Oleh: Nazwar, S. Fil. I., M. Phil.* *Penulis Lepas Lintas Jogja Sumatera
Carok atau suatu perbuatan saling serang menggunakan benda tajam berupa clurit menjadi suatu identitas budaya masyarakat. Beretnis Madura yang bertempat di Provinsi Jawa Timur menjadi suatu cara yang menjelma identitas masyarakat tersebut. Baik dalam menyelesaikan masalah, prestisius atau mempertahankan harga diri. Sebagai suatu kebiasaan yang mengarah kepada permusuhan antar sesama maka hal ini tentu bukan suatu yang patut dibanggakan. Jauh dari suatu hal bersifat prestasi, kebiasaan yang masih dianut sebagian masyarakat tersebut tidak untuk dikedepankan, semisal dalam penyelesaian masalah, perlu untuk senantiasa mengutamakan perdamaian dengan cara musyawarah.
Begitu pun hal lain seperti restisius dengan jalur prestasi dari perlombaan dalam kebaikan, termasuk mempertahankan harga diri untuk menempuh jalan yang mengangkat harkat martabat. Suatu sumber internet menyebut bahwa secara sejarah carok adalah metode yang diberlakukan penjajah kepada pribumi setempat, yaitu dengan cara mengadu. Terdapat jejak koloni dalam sejarah lahirnya tradisi carok dapat diambil makna bahwa hal tersebut merupakan cara penjajah yang diberlakukan terhadap pribumi. Suatu metode dari koloni yang keji terhadap masyarakat atau pendusuk asli.

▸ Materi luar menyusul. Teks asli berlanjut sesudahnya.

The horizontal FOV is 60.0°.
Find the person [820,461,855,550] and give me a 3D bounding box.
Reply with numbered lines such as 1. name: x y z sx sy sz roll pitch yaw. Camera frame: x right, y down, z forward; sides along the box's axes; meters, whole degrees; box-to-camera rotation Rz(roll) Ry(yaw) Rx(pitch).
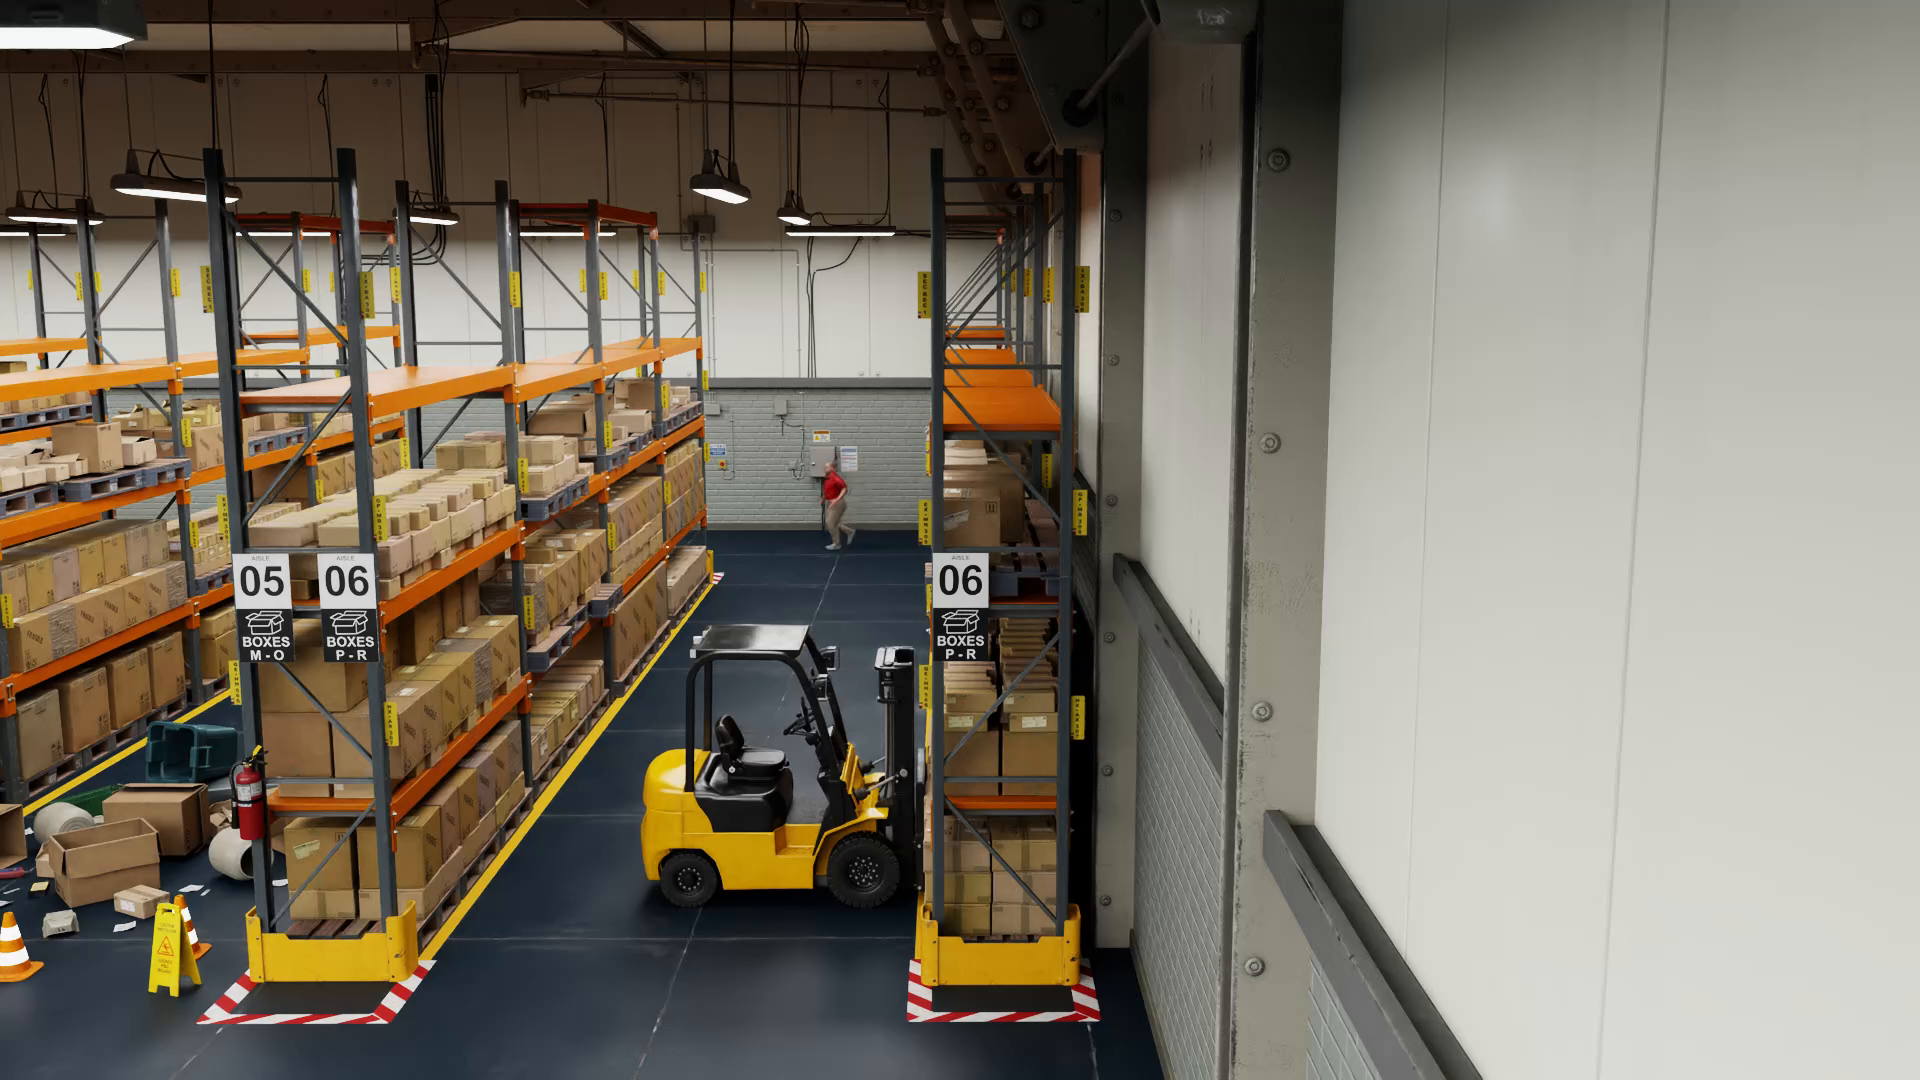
1. person: -2.292 -0.663 31.411 0.696 1.673 0.662 -4 10 -24

Persoalannya adalah Ekspose yang dilakukan pihak media, menunjukkan sikap berlebihan, bahkan dapat memicu persoalan lanjutan atau persoalan lain. Akibat yang ditimbulkan bukan hanya internal etnis pelaku budaya atau cara tersebut namun dapat meluas di luarnya termasuk terhadap para perantau dari dari daerah tersebut seantero negeri ini. Bukan hanya itu, penyajian berita atas berbagai kejadian tersebut dalam melahirkan suatu sikap yang kontraproduktif yaitu kondisi yang menakutkan dan mengerikan tentang pertarungan antar sesama manusia.
Maka penting untuk media mengambil sikap proporsional dan profesional dalam penyajian berita dan menaruh perhatian berupa kehati-hatian terhadap kejadian-kejadian tertentu termasuk peristiwa carok ini. Lantaran bukan suatu yang perlu untuk dibanggakan, maka perilaku yang mengedepankan kekerasan, termasuk carok, warisan penjajah tersebut tidak untuk didorong media agar senantiasa populer di masyarakat dengan melakukan “ekspose” berlebih-lebihan dan jauh dari proporsional sajian berita, sebab demikian disebut penulis dalam artikel sebelumnya dengan kategori media setan yang menyeru dan “membisikkan” permusuhan dan kekacauan, “wal ya’uudzubillahi!”